An alternative constructor C<tagsoup> is provided with a useful set of
options for dealing with content "from the wild".

=head1 EXAMPLES

The following full example parses RDFa 1.1 in an Atom document, also using
the non-default 'atom_parser' option which parses native Atom elements into
the graph too.

  use RDF::RDFa::Parser;
  
  $config = RDF::RDFa::Parser::Config->new(
    RDF::RDFa::Parser::Config->HOST_ATOM,
    RDF::RDFa::Parser::Config->RDFA_11,
    atom_parser => 1,
    );
  $parser = RDF::RDFa::Parser->new_from_url($url, $config);
  $data   = $parser->graph;

The following configuration set parses XHTML+RDFa 1.1 while also parsing
any RDF/XML chunks that are embedded in the document.

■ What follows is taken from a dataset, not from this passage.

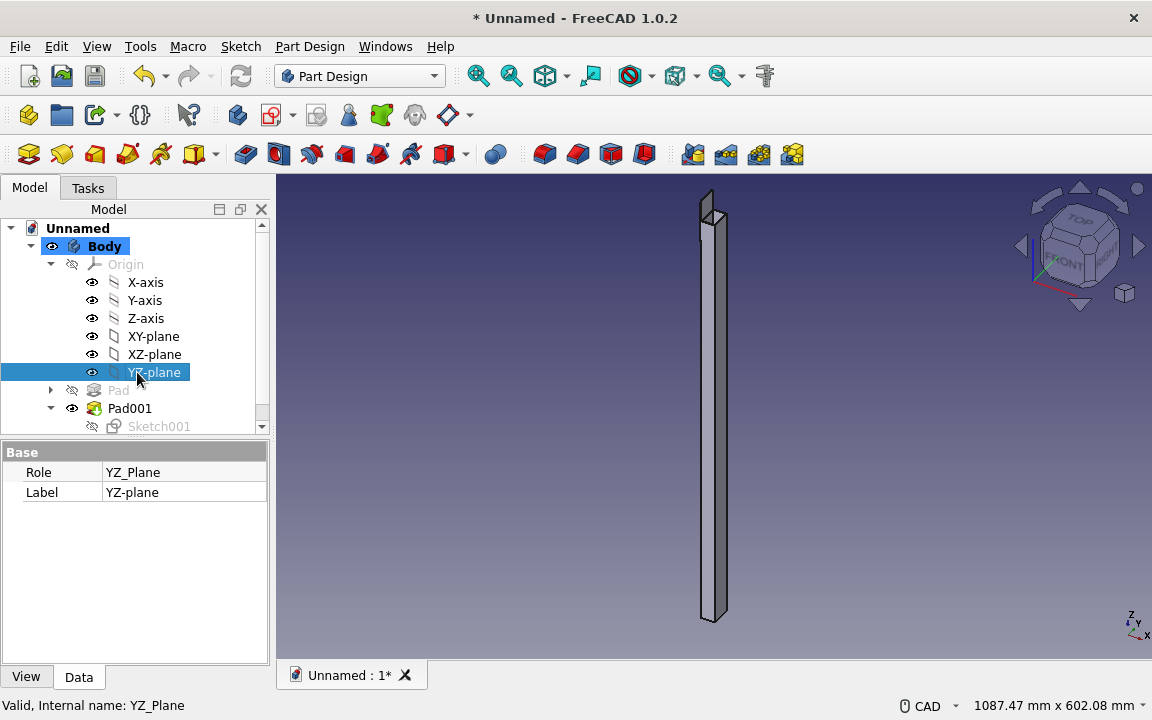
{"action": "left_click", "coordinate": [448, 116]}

  use RDF::RDFa::Parser::Config qw(HOST_XHTML RDFA_11);
  $config = RDF::RDFa::Parser::Config->new(
    HOST_XHTML, RDFA_11, embedded_rdfxml=>1);
  $parser = RDF::RDFa::Parser->new_from_url($url, $config);
  $data   = $parser->graph;

The following config is good for dealing with (X)HTML content from the
wild:

  $config = RDF::RDFa::Parser::Config->tagsoup;
  $parser = RDF::RDFa::Parser->new_from_url($url, $config);
  $data   = $parser->graph;

=head1 SEE ALSO

L<RDF::RDFa::Parser>.

=head1 AUTHOR

Toby Inkster E<lt>tobyink@cpan.orgE<gt>.

=head1 COPYRIGHT AND LICENCE

Copyright 2008-2012 Toby Inkster

This is free software; you can redistribute it and/or modify it under
the same terms as the Perl 5 programming language system itself.

=head1 DISCLAIMER OF WARRANTIES

THIS PACKAGE IS PROVIDED "AS IS" AND WITHOUT ANY EXPRESS OR IMPLIED
WARRANTIES, INCLUDING, WITHOUT LIMITATION, THE IMPLIED WARRANTIES OF
MERCHANTIBILITY AND FITNESS FOR A PARTICULAR PURPOSE.